Treating "Multi-cell Many-to-Many" as a First-Class Citizen: Explicitly modeling triplets and higher interactions using bilateral many-body attention, combined with structural priors via bias and gating from the third relation, represents a substantial upgrade over standard GNN/attention mechanisms limited to pairwise message passing. This approach is transferable to any graph modeling task requiring high-order relations.
Decoupled Value Insight: Splitting the value in pairwise attention into visual and geometric components for independent aggregation allows for selective fusion of semantics and geometry—a low-cost trick for improving accuracy.
Flow Matching + ZINB Prior: Using a ZINB base distribution to match gene expression sparsity and flow matching for smooth transport naturally introduces generative perspectives into ST prediction, which aligns better with data characteristics than pure regression.

Limitations & Future Work¶

Even on sparse graphs, many-body attention uses ~30% more VRAM than pure pairwise methods (8071 vs 6166 MB). Scalability for even higher-order interactions (quadruplet and above) is not fully explored.
⚠️ Specific formulas for many-body attention (query/key derivation for Incoming/Outgoing, gating terms) rely partly on diagrams; refer to the original text and Appendix for details.
Dependence on a frozen foundation model (UNI) as the image encoder means performance is capped by its representation quality; sensitivity to stronger/weaker backbones is not systematically reported.
Sparse graphs are constructed using distance priors; the impact of neighbor set selection (radius/kNN thresholds) on the coverage of high-order interactions warrants further analysis.
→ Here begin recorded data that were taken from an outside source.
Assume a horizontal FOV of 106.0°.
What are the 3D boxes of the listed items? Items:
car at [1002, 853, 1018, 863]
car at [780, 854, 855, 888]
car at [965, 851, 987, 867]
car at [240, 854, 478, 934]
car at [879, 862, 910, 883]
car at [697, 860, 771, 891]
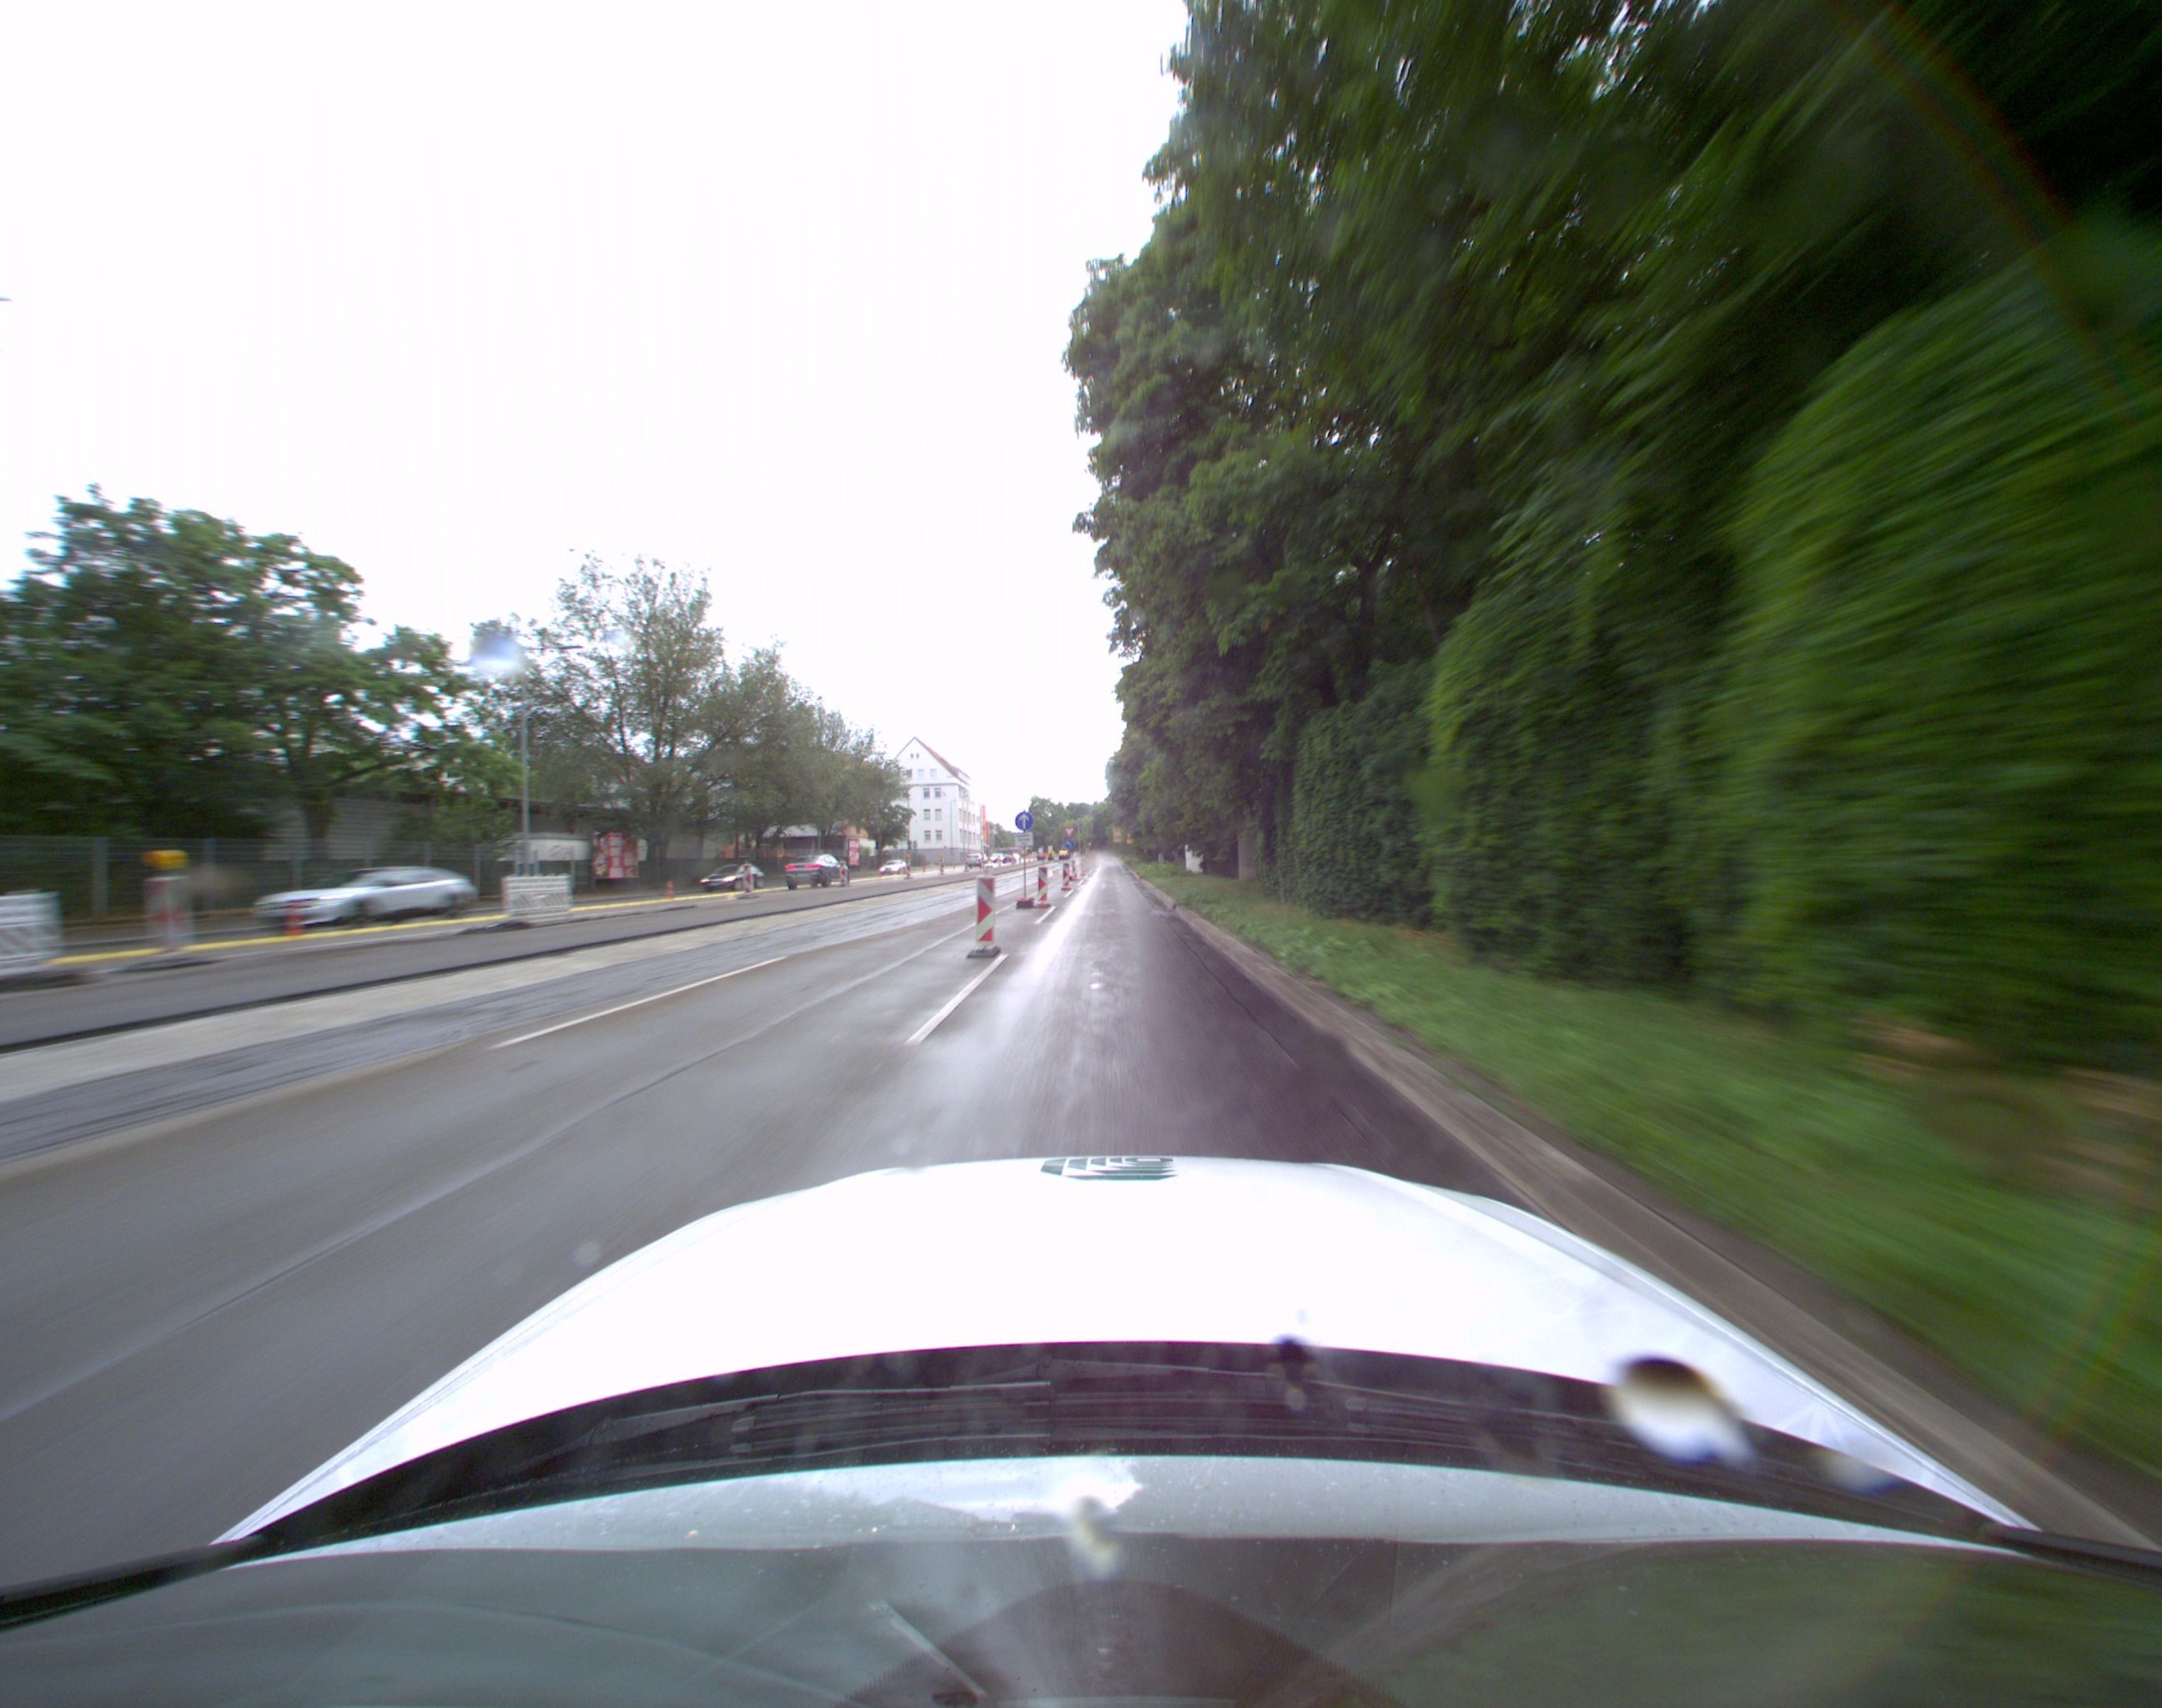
[{"bbox_3d":[-10.856,0.634,124.443,1.986,1.519,4.001,-1,0,2],"label":"car"},{"bbox_3d":[-13.372,0.823,41.729,2.069,1.613,5.057,-1,0,1],"label":"car"},{"bbox_3d":[-11.716,0.546,90.990,1.847,1.648,4.002,-1,0,2],"label":"car"},{"bbox_3d":[-17.646,0.892,20.258,1.986,1.766,4.281,-1,0,2],"label":"car"},{"bbox_3d":[-18.082,1.759,79.061,1.986,2.014,4.001,-1,0,1],"label":"car"},{"bbox_3d":[-19.165,1.157,45.205,1.986,1.586,4.621,-1,0,2],"label":"car"}]

vs STFlow: Both use flow matching and E(n)-invariant spatial encoding, but STFlow only performs pairwise interactions, underperforming in cancers with complex neighborhood structures. MCToGene provides significant gains in difficult cancers like COAD (average 0.415 \(\to\) 0.435).
vs TRIPLEX: TRIPLEX uses a multi-resolution encoder and feature fusion but remains within a local/pairwise paradigm with high memory costs (16368 MB). MCToGene achieves higher PCC and biomarker correlation with lower overhead.
vs scTensor / scHyper: These works also model high-order cell communication (tensors/hypergraphs) but scHyper stems from non-spatial scRNA-seq, lacking spatial constraints. MCToGene integrates high-order modeling into spatial tissue contexts while controlling combinatorial explosion, making it more suitable for WSI-scale ST prediction.

Rating¶

Novelty: ⭐⭐⭐⭐ Explicitly introducing many-body attention and hierarchical coupling to ST prediction is clear and well-targeted, though high-order modeling has precedence in graph learning.
Experimental Thoroughness: ⭐⭐⭐⭐⭐ Large datasets across multiple cancers, covering both gene expression and biomarker tasks, complete with ablation, overhead comparison, and visualization. Reports mean ± variance over three seeds.
Writing Quality: ⭐⭐⭐⭐ Clear progression from motivation to method. The many-body attention section is dense and diagram-dependent, making it slightly challenging for a first read.
Value: ⭐⭐⭐⭐ Inferring spatial expression from inexpensive H&E has strong application value. The many-body modeling and scalable design are practically meaningful for real WSI-scale deployment.